If you treat a man as he is, he will stay as he is. But if you treat him as if he were what he ought to be and could be, he will become the bigger and better man.
---Johann Wolfgang Von Goethe

Points to ponder:
---We show our love for God in part by loving our spouse well.
---We can never love somebody "too much". Our problem is that typically love God "too little".
--- It is far less of a leap for a man to love a woman or for a woman to love a man than it is for either of us to love God
---The beauty of Christianity is in learning to love, and few life situations test that so radically as does a marriage.
---By learning to love our wives, we get a better grip on how we could love our God.
---Christian love is displayed in loving the most difficult ones to love.
--- If we can't love our wives, how can we love the homeless person at the library? How about the drug addict and alcoholic? Our spouses may be difficult to love at times, but that is what marriage is for—to teach us HOW TO LOVE.

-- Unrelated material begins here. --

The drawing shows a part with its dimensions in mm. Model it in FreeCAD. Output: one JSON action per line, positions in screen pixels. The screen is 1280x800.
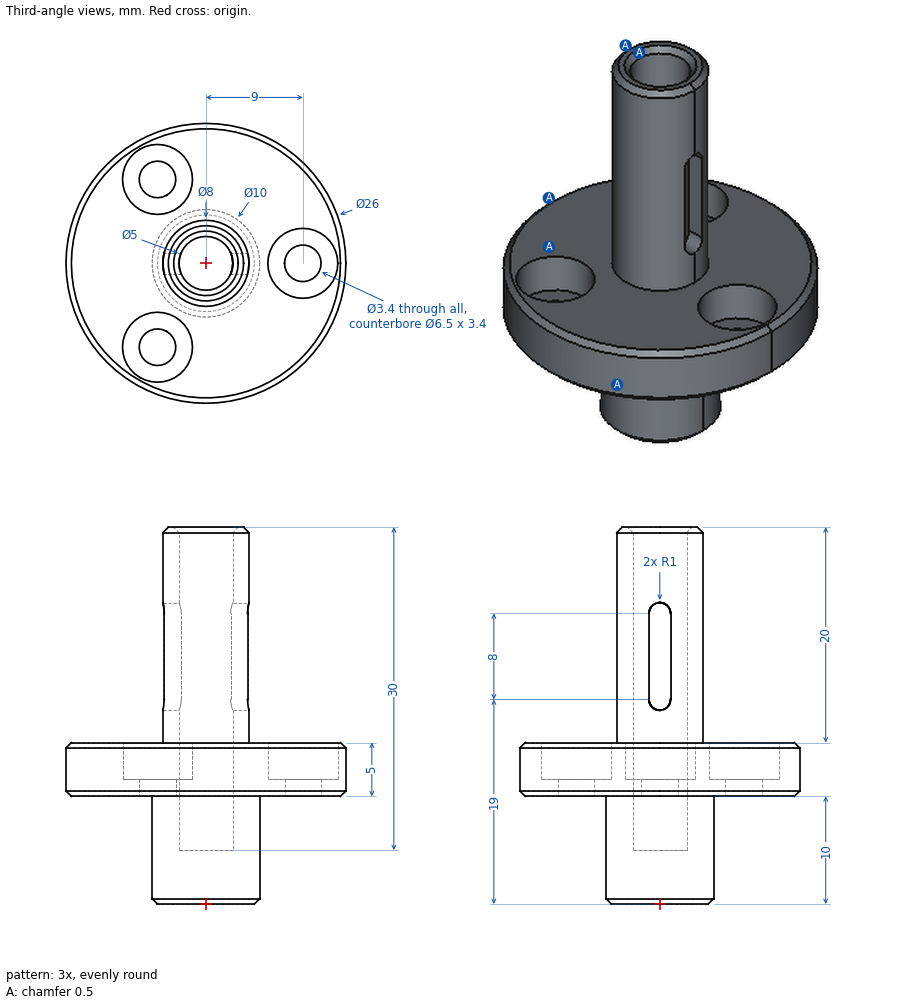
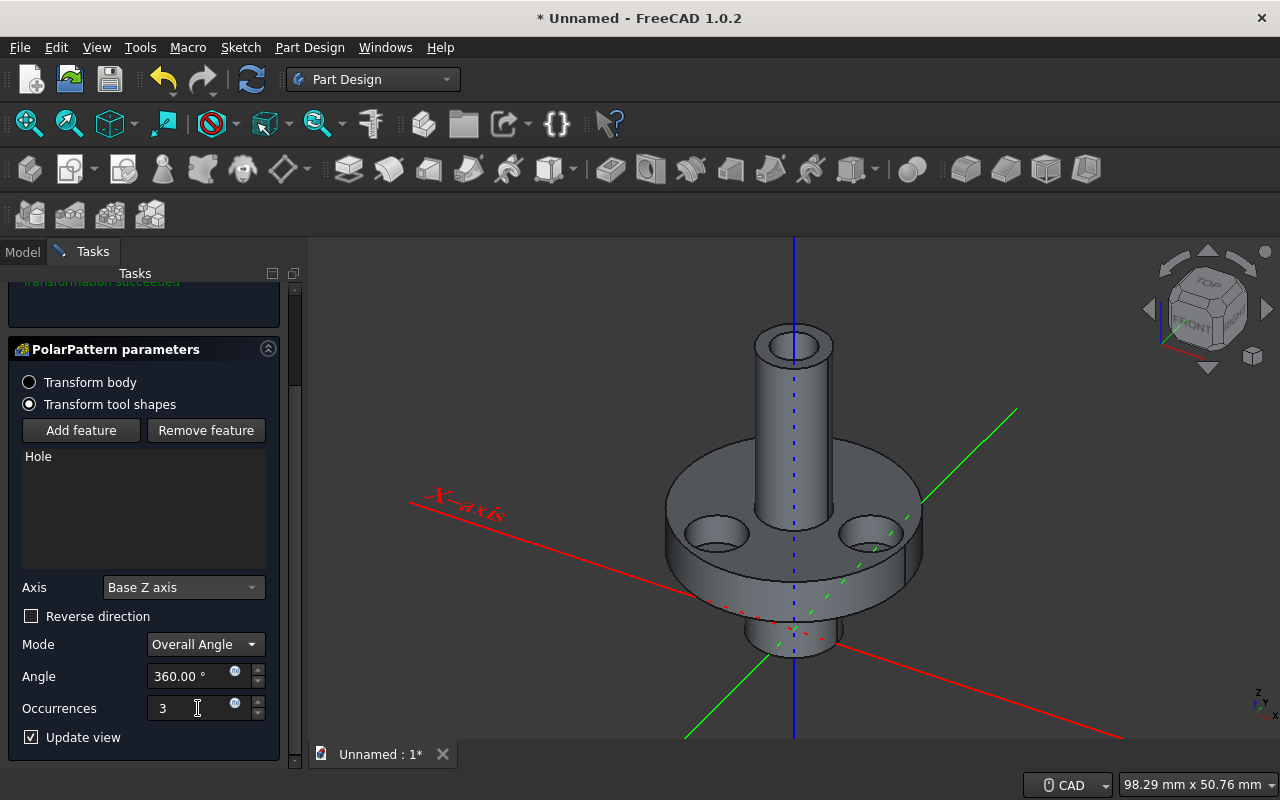
{"action": "scroll", "coordinate": [295, 526], "scroll_direction": "up", "scroll_amount": 3}

A lot of the time women love quietly; they speak, as it were, in whispers, and we have to listen carefully, attentively, to hear their words of love and to know them. Isn't God the same way? Doesn't he intervene in most of our lives in whispers, which we miss if we fail to consistently strive to hear those whispers of divine love?
The virtues of listening, patience, humility, service, and faithful love, are the very virtues necessary for us to love God and to feel his love returned.

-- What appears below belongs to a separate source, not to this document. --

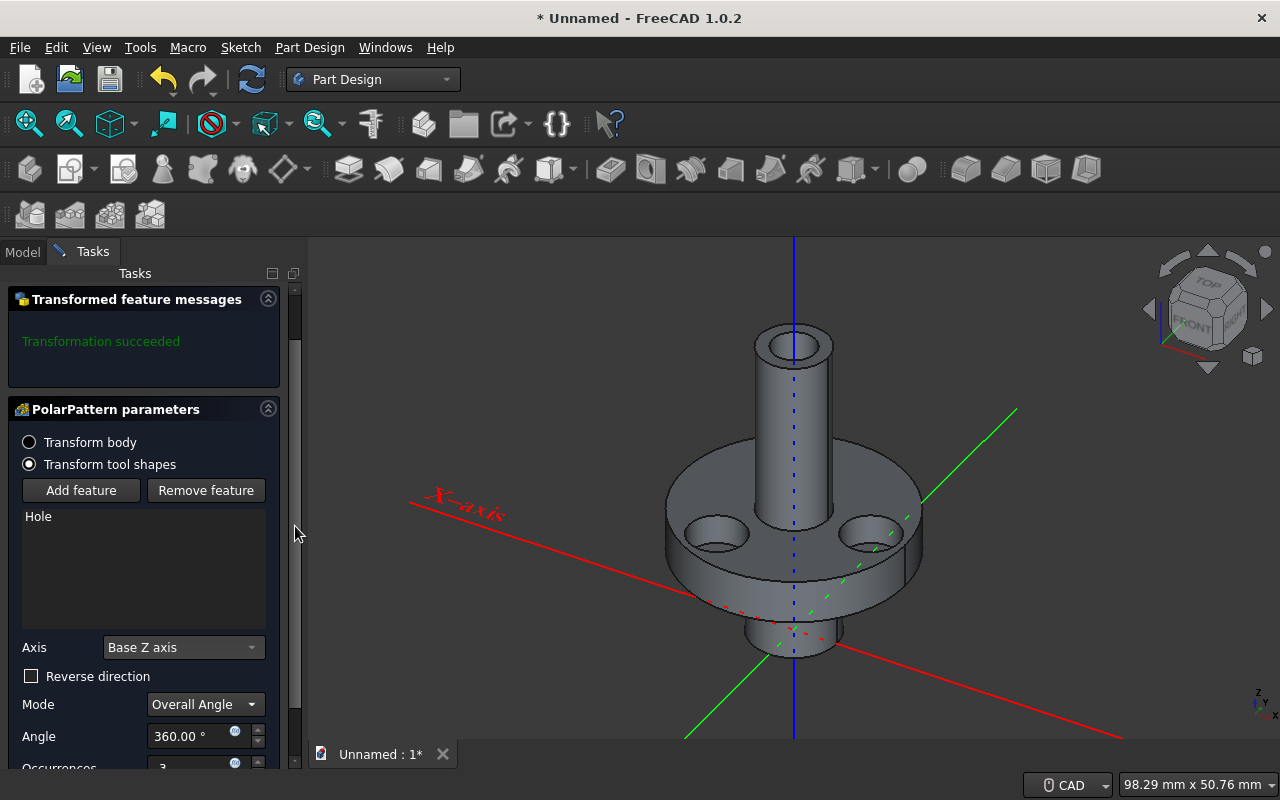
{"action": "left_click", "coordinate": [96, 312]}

Remember that it is not enough to love God with all our heart, soul, mind, and strength. If we really want to please God, Jesus said, you must love others.

With all the links of scripture to marriage and its relationship to God, could it mean that ............ If my spouse is unhappy, I'm failing God?

3 comments:

Steve Hight said...

Depends on why she's unhappy. It may be something that has nothing to do with her hubby.

The things you've said from these first three chapters make me think that there are more reasons than we know why Paul pointed out the comparisons between Christ and the church on one hand and a man and his wife on the other in Ephesians 5.

Steve Hight said...

Another thought I had as I've cogitated over this post: The husband is not the final source of his wife's happiness or satisfaction (nor she of his). Only God can fulfill that role, and while He uses us as instruments to meet many of our spouse's needs, none of us must look to our spouses as THE source for our satisfaction and happiness.

Rodney said...

Yes, I agree. I only hightlighted a few intersting points. The chapter was a large iceberg so to speak and that was just a little ice cube from it. He does not imply that our spouses are THE source.